All of the data below should come back exactly as written, minus its images.

>>>

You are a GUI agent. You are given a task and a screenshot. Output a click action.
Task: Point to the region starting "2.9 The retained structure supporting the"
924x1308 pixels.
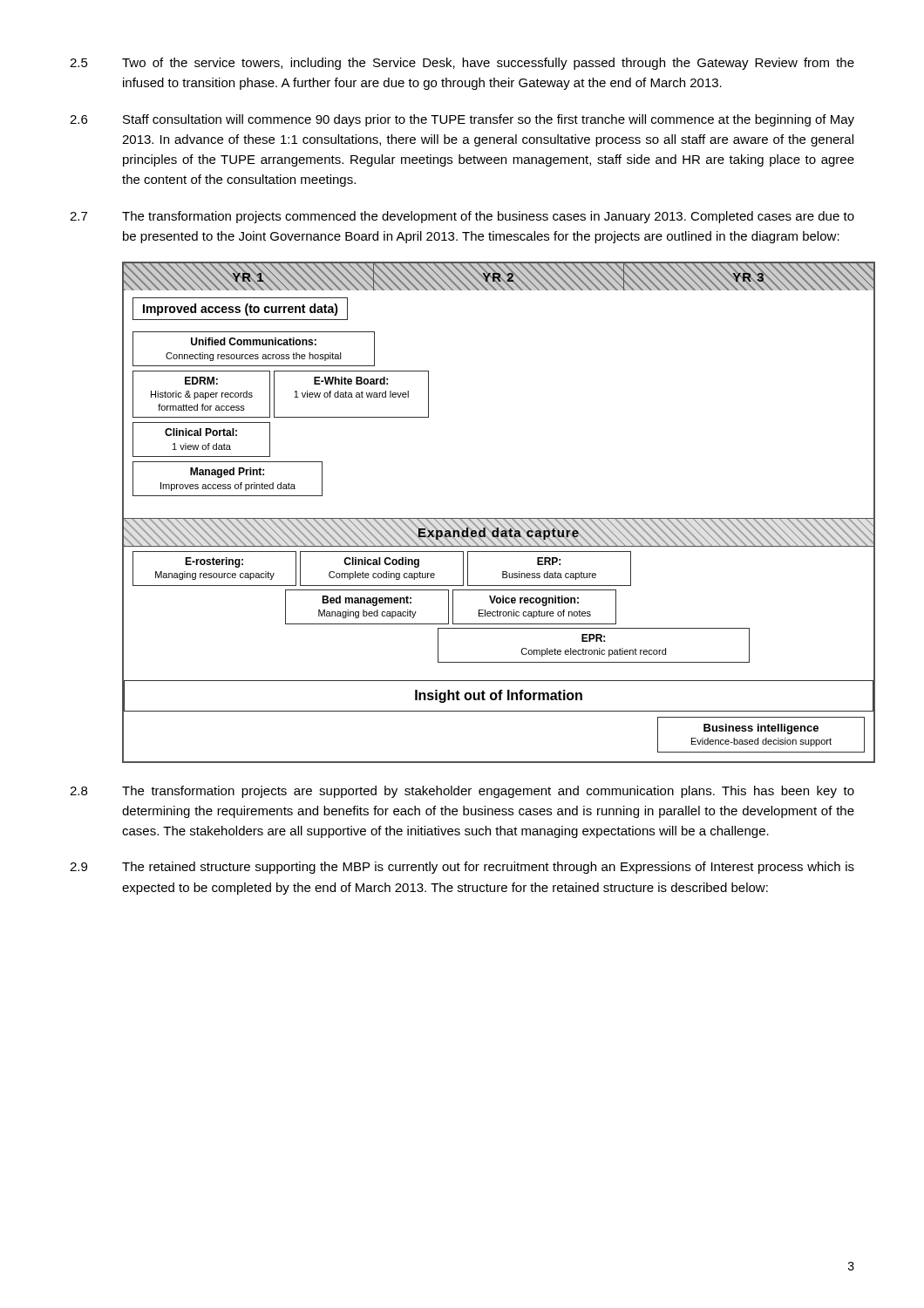click(x=462, y=877)
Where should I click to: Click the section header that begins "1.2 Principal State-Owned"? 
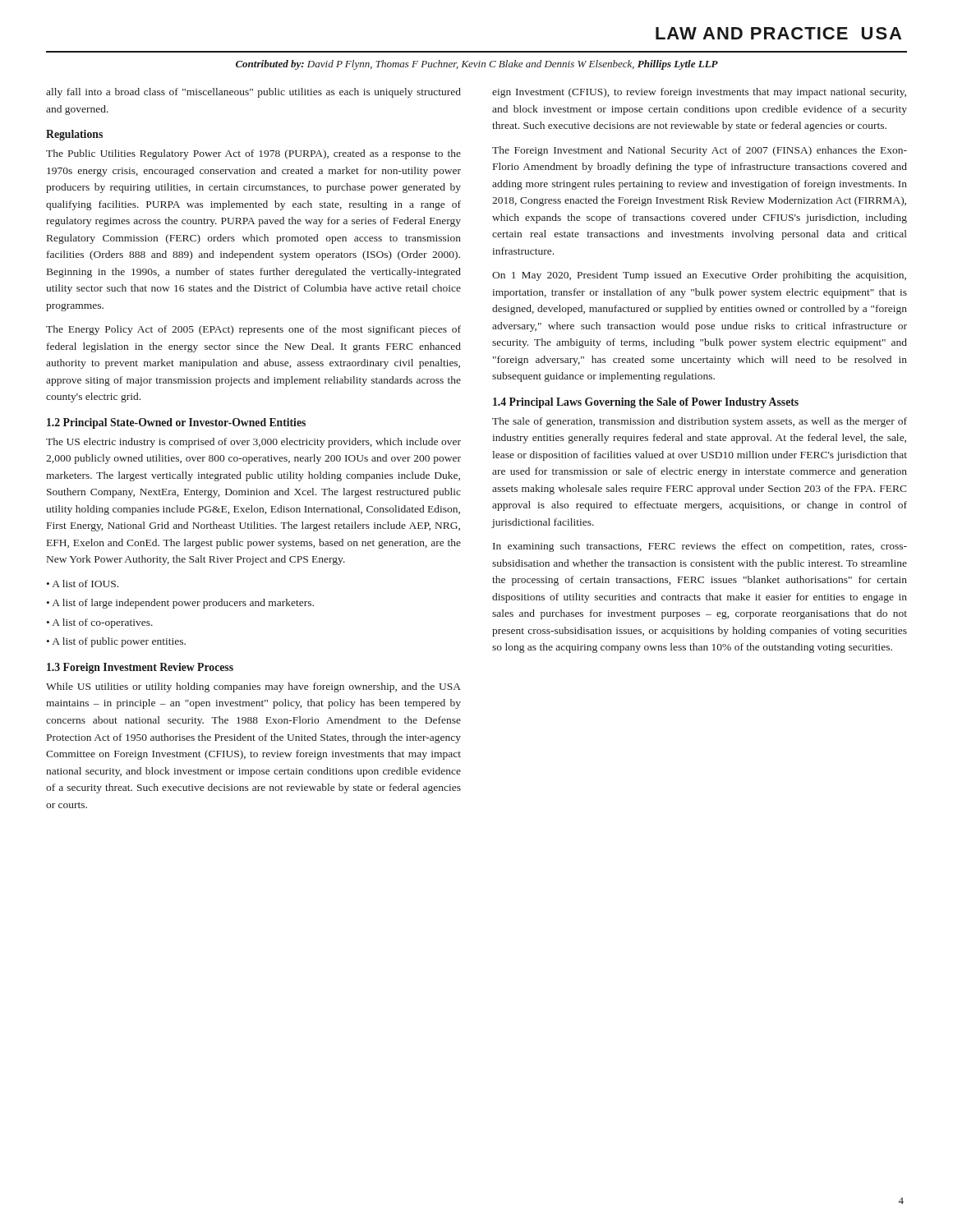(176, 422)

<<<

* **Your response**:
You are a GUI agent. You are given a task and a screenshot. Output a click action.
Task: Point to the region starting "2.9 The retained structure supporting the"
924x1308 pixels.
click(x=462, y=877)
Where should I click to: Click the section header that begins "1.2 Principal State-Owned"? 
(176, 422)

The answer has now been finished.